Despite the way her head spun from the height and her movements, what she found was infinitely worth the small amount of discomfort. While from even a small distance, his wings had looked like one solid attachment to his body, up so close she could see they were actually composed of a billion tiny little scales that looked soft enough to be classified as feathers. She found herself wondering how such a fragile looking genetic apparatus could support such a perfectly muscular body. He had to weigh a hundred and ninety pounds easy, if not in the low two hundreds.
She pushed one of his wings to the side and ran her fingers down the bony ridge on the left of his back. It started where his scapula should have been apparent and ran down his torso to just above his waist.
He tensed a bit at her touch but otherwise didn’t react.
Sabrina took his silence as permission to continue.
The actual place where skin met wing was rather ugly, and she found herself wondering if hers would be any more attractive. Or maybe, once she was all faerified too, she’d develop a different perspective. In any case, she turned her attention back to the far more beautiful expanses sprouting from those points. Without asking first, she reached well over his head to wrap one hand around the very tip of his left wing, running it the entire inviting length down, her fingers spanning out as she did.
It was soft as anything, and she wondered whether the other one felt as nice.
Dallas shuddered when she moved her hand away to test out that theory. It wasn’t a very obvious gesture. Just enough of one for her to notice.
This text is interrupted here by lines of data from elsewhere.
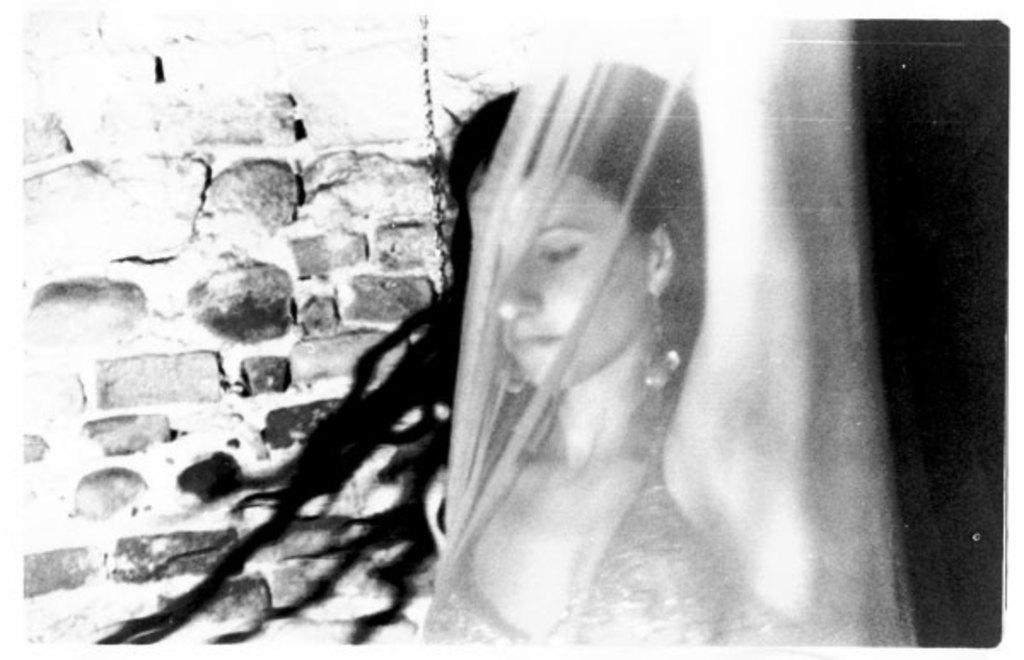What is the color scheme of the image? The image is black and white. Who is present in the image? There is a woman in the image. What is the woman's position in relation to the cover? The woman is behind a cover. What can be seen in the background of the image? There is a stone wall in the background of the image. How would you describe the overall lighting in the image? The background of the image is dark. What type of fruit is being used as a surprise prop in the image? There is no fruit or surprise prop present in the image. What type of prison can be seen in the background of the image? There is no prison visible in the image; it features a woman behind a cover with a stone wall in the background. 
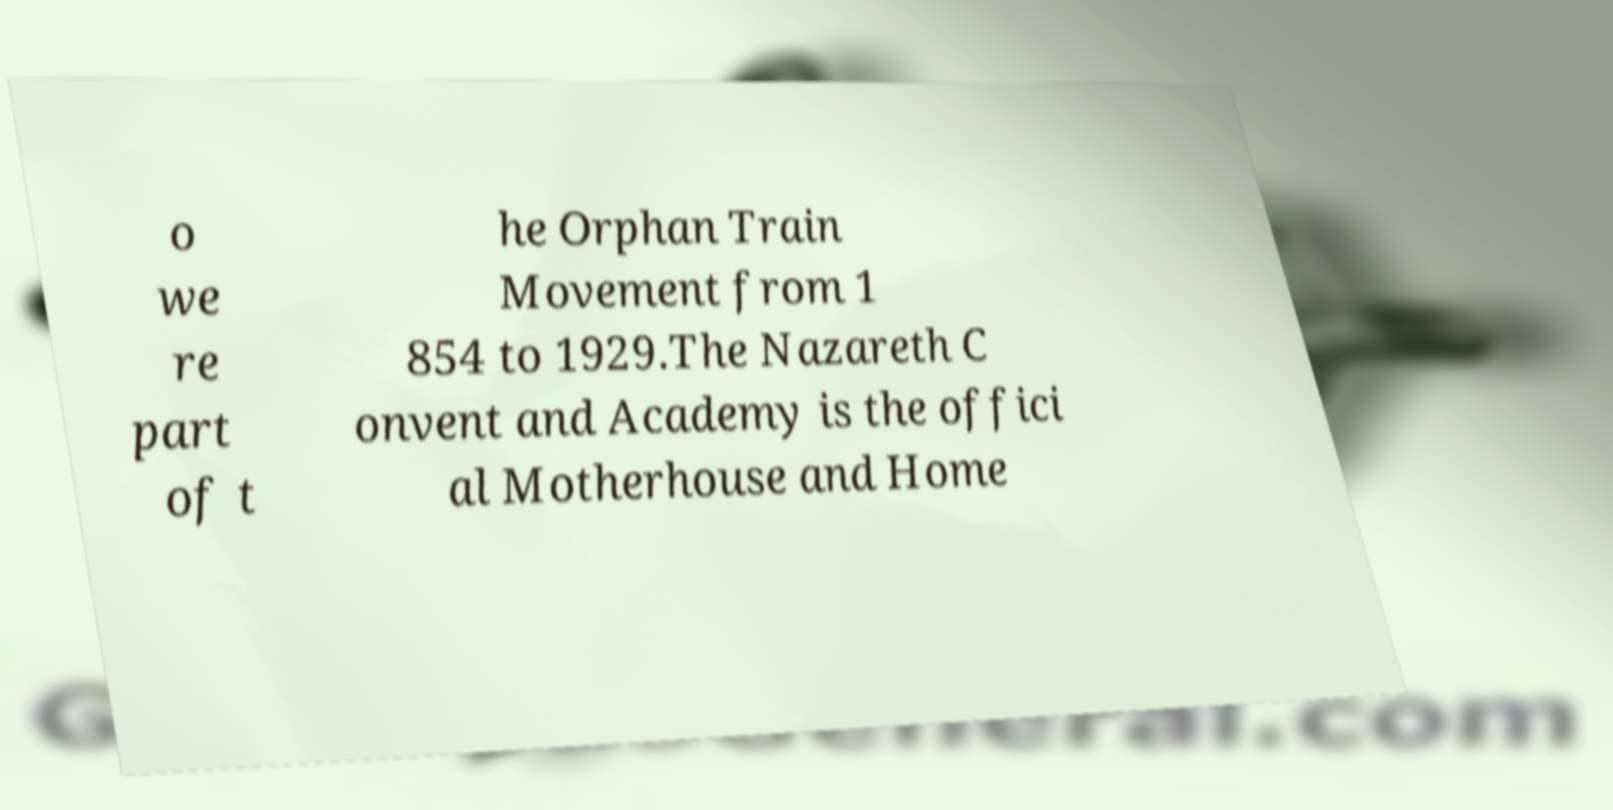There's text embedded in this image that I need extracted. Can you transcribe it verbatim? o we re part of t he Orphan Train Movement from 1 854 to 1929.The Nazareth C onvent and Academy is the offici al Motherhouse and Home 
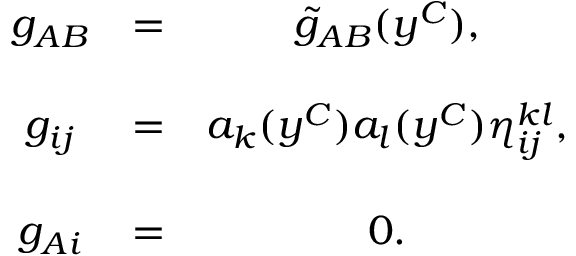<formula> <loc_0><loc_0><loc_500><loc_500>\begin{array} { c c c } { { g _ { A B } } } & { = } & { { \tilde { g } _ { A B } ( y ^ { C } ) , } } \\ { { g _ { i j } } } & { = } & { { a _ { k } ( y ^ { C } ) a _ { l } ( y ^ { C } ) \eta _ { i j } ^ { k l } , } } \\ { { g _ { A i } } } & { = } & { 0 . } \end{array}</formula> 
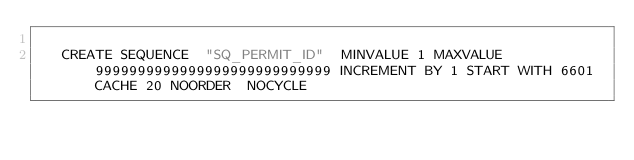<code> <loc_0><loc_0><loc_500><loc_500><_SQL_>
   CREATE SEQUENCE  "SQ_PERMIT_ID"  MINVALUE 1 MAXVALUE 9999999999999999999999999999 INCREMENT BY 1 START WITH 6601 CACHE 20 NOORDER  NOCYCLE </code>

She peered down at him from her elevated vantage point. “Did I hurt you?”
“No.”
“But you did feel that?”
“Of course.”
“Hmm,” she mused out loud, a much more intelligible and one-sided conversation going on in her head. For some reason, she hadn’t really thought of them as having any nerve endings. She supposed in that case, she had better stop for decency’s sake.
Sabrina settled back onto the bed, cross-legged with a martyr’s air.
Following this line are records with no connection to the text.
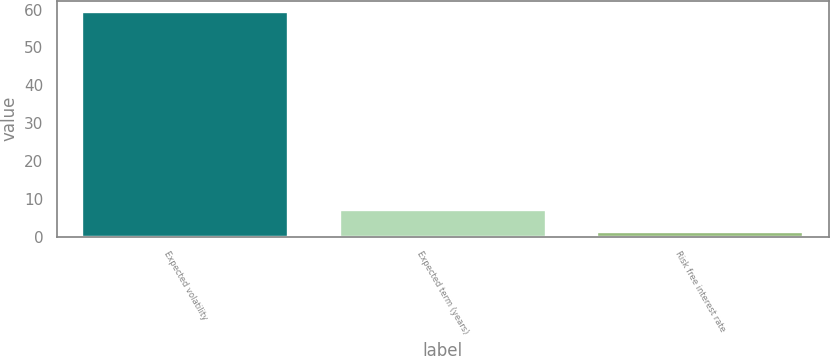Convert chart to OTSL. <chart><loc_0><loc_0><loc_500><loc_500><bar_chart><fcel>Expected volatility<fcel>Expected term (years)<fcel>Risk free interest rate<nl><fcel>59.39<fcel>7<fcel>1.18<nl></chart> 
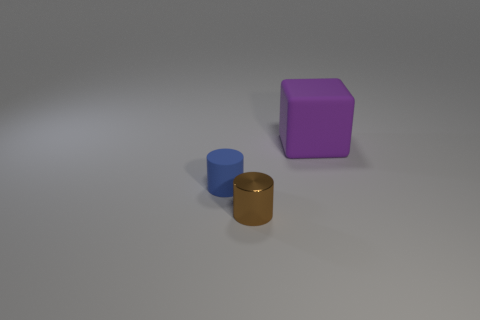Considering the shadows in the image, where might the light source be located? The shadows cast by the objects suggest the light source is positioned to the upper left of the scene, out of the frame. The shadows are soft-edged, indicating the light source is not too close to the objects. 
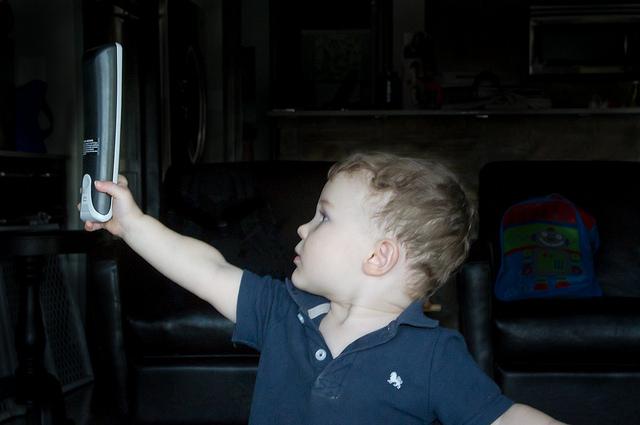How many children are there?
Give a very brief answer. 1. How many children are present?
Quick response, please. 1. What door could he be opening?
Write a very short answer. Garage. What sport is he virtually playing?
Be succinct. None. What color is he?
Short answer required. White. What is the person holding?
Answer briefly. Remote. What game are these children playing?
Quick response, please. Wii. What is the boy holding?
Quick response, please. Remote. Is this image a desperate attempt at art?
Keep it brief. No. What is the baby holding?
Answer briefly. Remote. Is his mouth open?
Answer briefly. No. What is the boy holding on his shoulders?
Quick response, please. Nothing. Is this a teacher?
Concise answer only. No. What is he holding?
Concise answer only. Remote. Is there a laptop?
Give a very brief answer. No. Is there someone wearing glasses?
Be succinct. No. What gender is this child?
Concise answer only. Male. What color is the child's hair?
Keep it brief. Brown. How many people are in the photo?
Short answer required. 1. What hand(s) can be seen?
Quick response, please. Right.

“Finished with your inspection then?” He asked with exaggerated nonchalance, turning his head to peer at her over his shoulder.
He brought his wings together with a gentle clap in order to do so, and she stared at them in fascination for a minute before returning her attention to the rest of him. “Not at all, but I’ll stop anyway. I didn’t realize you had any feeling in them. Sorry if I was rude.”
“Rude isn’t the word I’d use. Don’t worry.”
She raised her eyebrows at that. Knowing she never would have verbalized what she was thinking had she not still been inebriated, she asked for clarification.
“What word would you use?”
He just regarded her, his eyebrows raised too and his lips tilted.
She had figured that’s what he’d meant anyway.
A silence ensued from there. Sabrina was sure she’d find it awkward if she hadn’t temporarily destroyed a large portion of her sense of decorum. As it was, she decided to close her eyes and rest her head on one of the pillows.
“Are you going to stay here until your clothes dry off?”
The look on his face was nothing short of nonchalant when he replied. “I was going to wait until they weren’t quite so soaked. You can go to sleep though: I’ll go downstairs with the boys like a gentleman. No snooping through your knickers.”
“For real? You know how to be a gentleman?” She asked skeptically, not even bothering to lift her lashes. It felt so nice to keep them closed.
“Only when I have no other choice,” he responded gravely.
That reminded her of something, and she did peer up at him this time. “Why didn’t you use the hallway door anyway?”
He shrugged like it was no big deal. “Just wanted to make sure you were okay. Now do yourself a favor and go to sleep.”
“You can sleep here tonight if you want.” She patted the bed twice. “I promise I won’t molest you again.”
He laughed. “That’s a very nice offer, but I think it’d be better for both of us if I just say no.”
“Coward,” she teased, snuggling further into the bed and closing her eyes again.
Another low chuckle that sounded particularly nice to her ears. “Go to sleep, Princess,” he repeated. “I’m sure I’ll see you later.”